Une amie internationaliste écrit sur les projets de Sara qu’elle a partagés avec elle
Sara avait de grands projets, elle voulait apporter la puissance révolutionnaire du Kurdistan en Allemagne, tout le monde voulait savoir qu’une autre vie est non seulement possible, mais que la lutte pour cela a lieu ici et aujourd’hui. Elle a recueilli des réflexions sur un nouvel internationalisme et des approches du mouvement kurde, voulait emmener tout le monde, en particulier ses camarades et amis en Allemagne. C’est la qualité de Sara que j’ai appréciée; elle n’a jamais perdu son axe, elle avait son objectif, qui était rien de moins que de rendre le monde meilleur, avec tout ce qu’elle a fait et vécu, elle voulait apprendre quelque chose de chaque travail et de chaque tâche. Maintenant, ce n’est pas seulement une perte que Sara laisse; une gorge s’est ouverte devant nous. Mais Sara elle-même a montré comment construire des ponts avec son style et son attitude, ses caractéristiques et ses possibilités. «
Dilara Nûrhaq et Şehid Sara étaient ensemble à l’académie depuis longtemps
Ma compagne Sara, j’ai peut-être partagé mes sentiments avec toi et ta douce amitié à plusieurs reprises, mais en ces temps d’adieu, je voudrais te redire combien je possède de force et ta sincère participation à la vie de Rêber Apo et de nos martyrs. Je t’ai souvent regardé et peut-être que tu m’as regardée, mais en réalité tu étais très loin – plongée dans tes pensées comme un oiseau qui vole dans les rêves de liberté dans le ciel ouvert.

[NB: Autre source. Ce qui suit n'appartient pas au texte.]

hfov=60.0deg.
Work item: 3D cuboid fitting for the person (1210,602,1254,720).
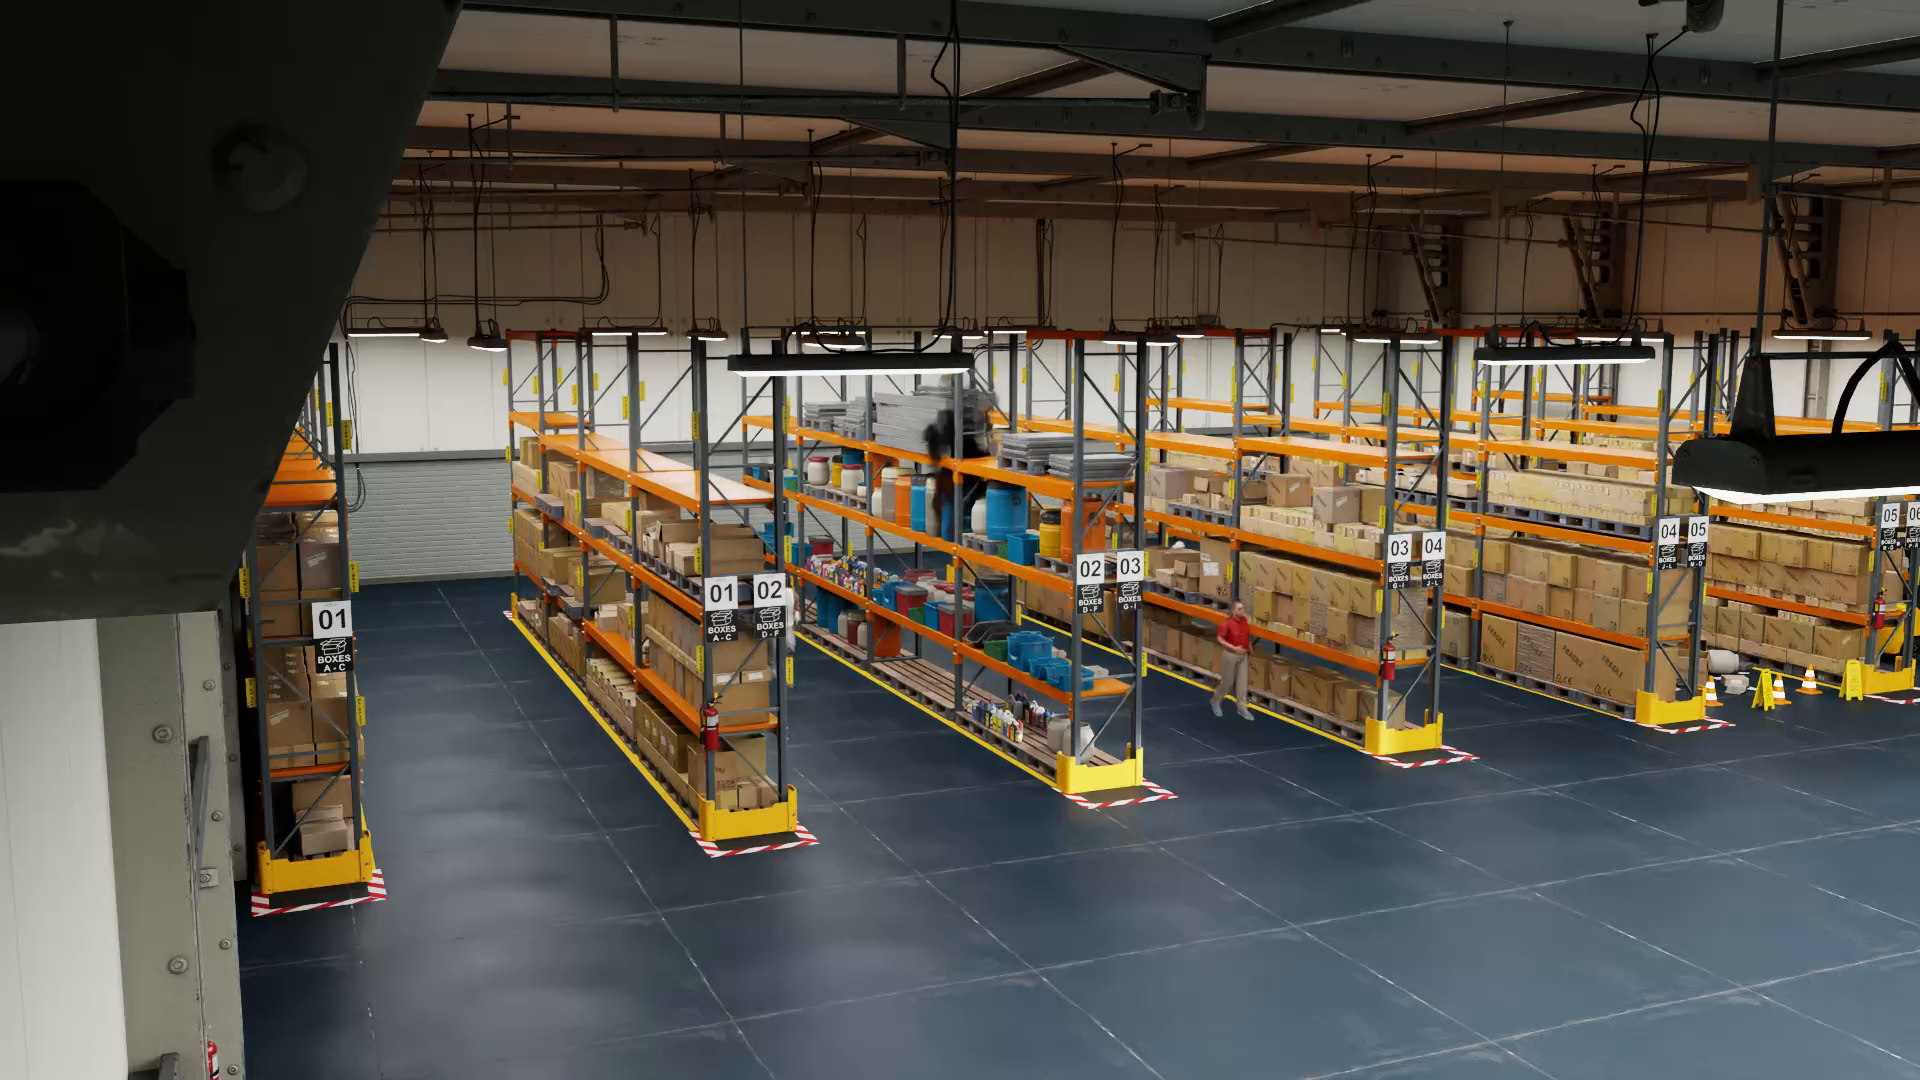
[{"bbox_3d":[4.142,1.805,25.062,0.688,1.782,0.793,-5,9,-34],"label":"person"}]

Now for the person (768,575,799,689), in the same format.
[{"bbox_3d":[-2.911,1.490,27.339,0.702,1.909,0.727,-4,9,-28],"label":"person"}]

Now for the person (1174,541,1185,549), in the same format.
[{"bbox_3d":[4.382,0.917,33.441,0.621,1.801,0.811,-4,9,-26],"label":"person"}]
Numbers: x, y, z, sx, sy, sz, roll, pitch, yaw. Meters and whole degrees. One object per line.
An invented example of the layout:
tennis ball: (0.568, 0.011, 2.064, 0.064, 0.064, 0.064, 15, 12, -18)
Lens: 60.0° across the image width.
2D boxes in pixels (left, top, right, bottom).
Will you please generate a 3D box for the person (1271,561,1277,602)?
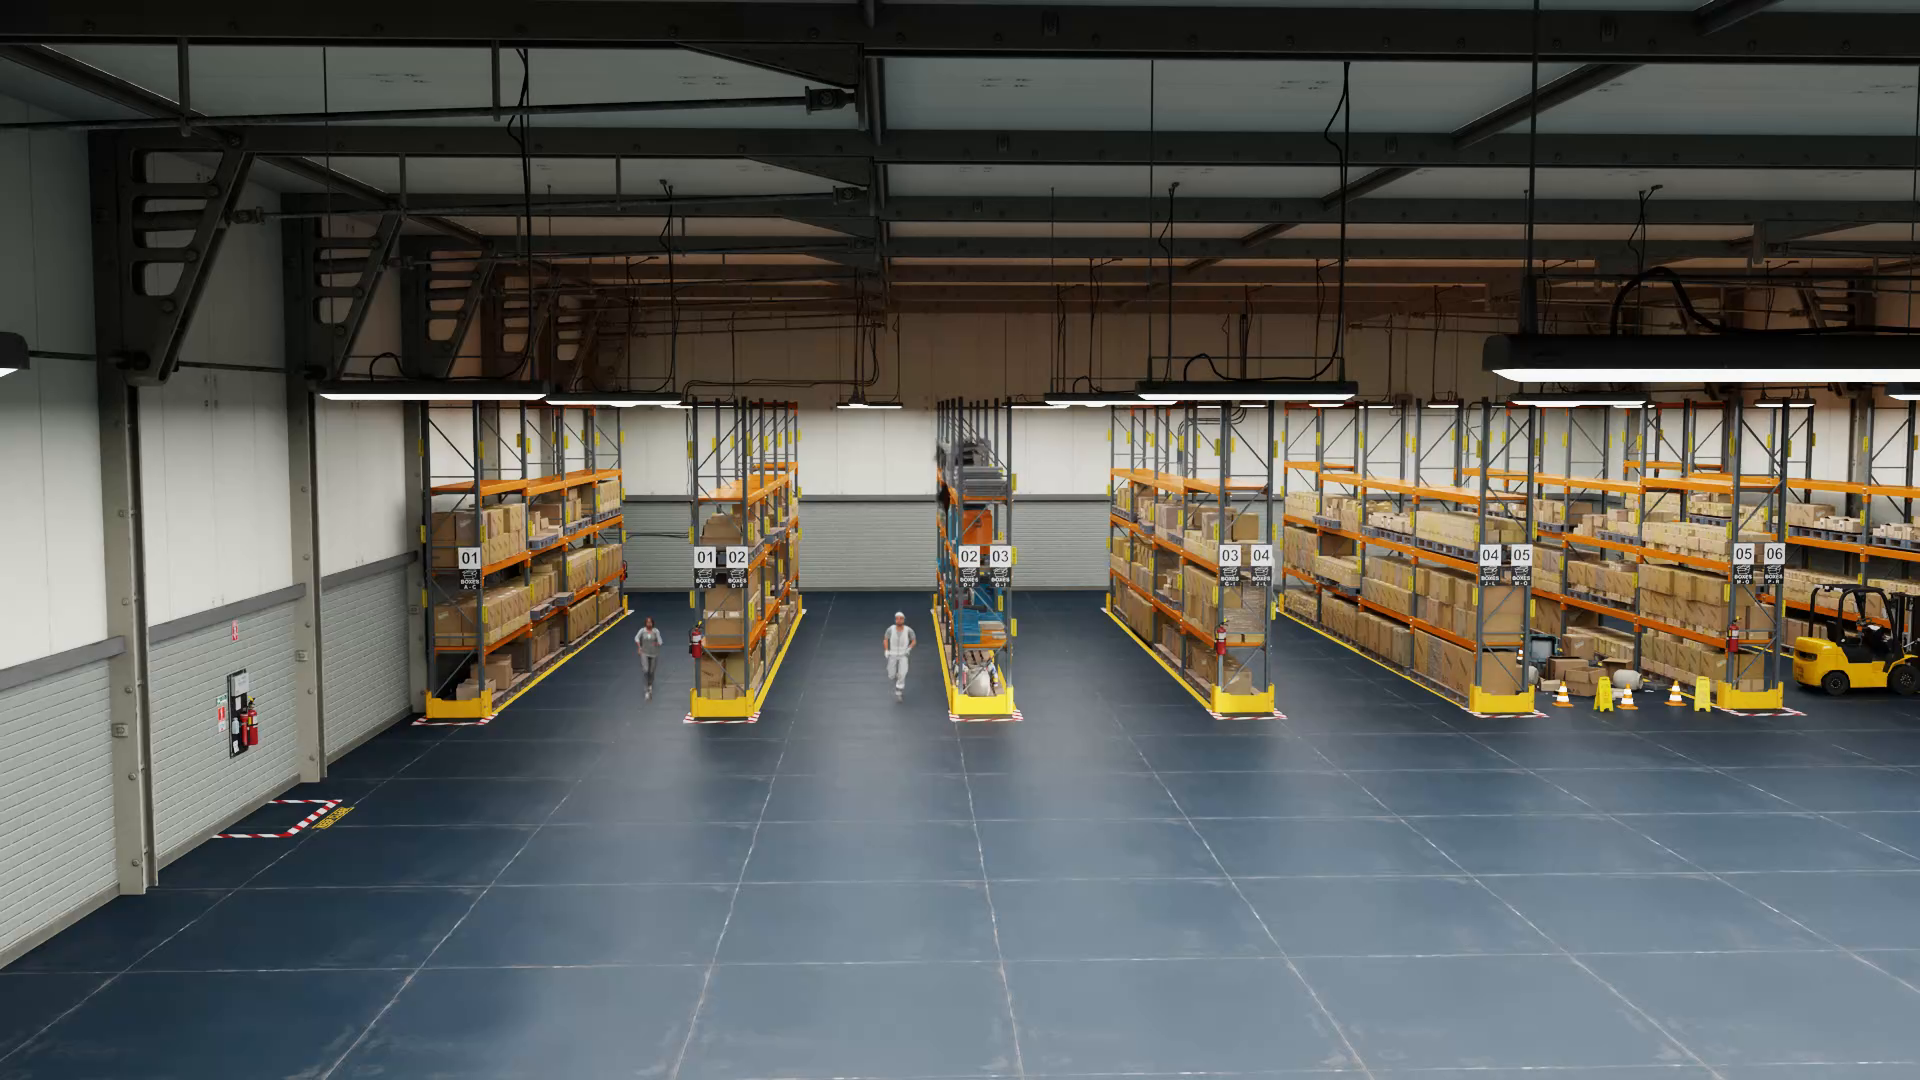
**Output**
person: (9.067, 1.103, 49.025, 0.766, 1.789, 0.828, -1, 5, -13)

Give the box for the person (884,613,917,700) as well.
person: (-1.198, 2.303, 33.194, 0.653, 1.732, 0.666, 1, 4, 7)

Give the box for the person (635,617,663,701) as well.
person: (-6.220, 2.348, 33.300, 0.528, 1.642, 0.764, -1, 5, -16)

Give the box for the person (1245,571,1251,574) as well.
person: (8.004, 1.245, 46.490, 0.663, 1.816, 0.867, 1, 4, 10)

Chaque fois que je savais que tu pensais profondément et fermement à quelque chose, je me demandais toujours si je viendrais dans ce ciel et volerais avec toi et tes sujets.
Nous avons passé un bon moment ensemble et nous avons eu beaucoup de discussions, nous étions très proches les unes des autres et c’était comme si nous pouvions lire les pensées des unes et des autres, c’est pourquoi j’ai appris à te connaître davantage et sur le chemin sacré parcouru, je te vois comme très digne. Peu importe à quelle distance nous serons géographiquement, les pensées du PKK nous uniront toujours et nous maintiendrons ensemble, moi et mon amie bien-aimée.
En tant qu’amie venu de l’extérieur, tu nous est très précieuse en tant qu’amie allemande. Je ressens un grand amour du fond du cœur, pour la chaleur et l’honnêteté que tu nous as données, et je te souhaite, du fond du cœur et de l’âme, beaucoup de succès dans votre chemin et tes objectifs. Avec tes grandes considérations et tes grands buts, tu seras toujours un exemple pour moi, toujours à mes côtés, ma chère. Nous nous souviendrons toujours les unes des autres et je crois en cela ainsi qu’en notre propre conviction que nous approfondirons davantage les pensées et les idées d’Abdullah Öcalan et continuerons sur le chemin des martyrs tombés afin de devenir leurs amies dignes.